[[ GIVEN ENTRIES, beginning ]]
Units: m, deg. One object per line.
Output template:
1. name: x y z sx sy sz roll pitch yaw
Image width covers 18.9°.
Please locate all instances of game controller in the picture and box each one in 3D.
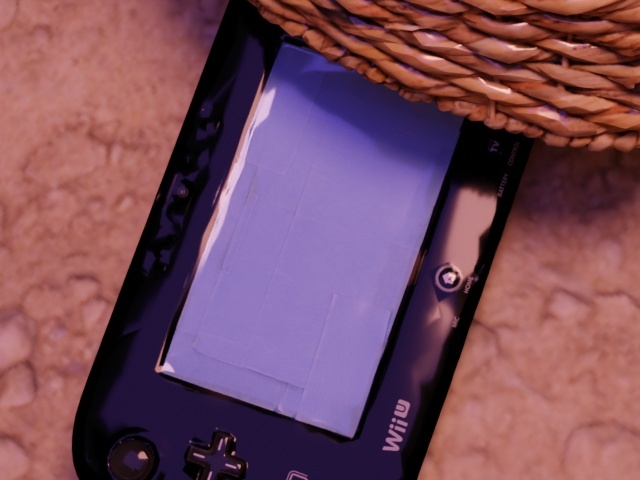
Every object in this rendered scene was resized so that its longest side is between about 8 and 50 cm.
1. game controller: 0.000 0.000 0.934 0.166 0.067 0.319 17 81 19

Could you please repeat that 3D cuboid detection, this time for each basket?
1. basket: 0.073 -0.206 0.848 0.299 0.223 0.213 30 50 20
[[ GIVEN ENTRIES, end ]]
__REQUIRED WORK__
Each line from the one that holds "Every object in" to the end of the records above should be transcribed exactly, both ends included.

__SOLUTION TO THE EXERCISE__
Every object in this rendered scene was resized so that its longest side is between about 8 and 50 cm.
1. game controller: 0.000 0.000 0.934 0.166 0.067 0.319 17 81 19

Could you please repeat that 3D cuboid detection, this time for each basket?
1. basket: 0.073 -0.206 0.848 0.299 0.223 0.213 30 50 20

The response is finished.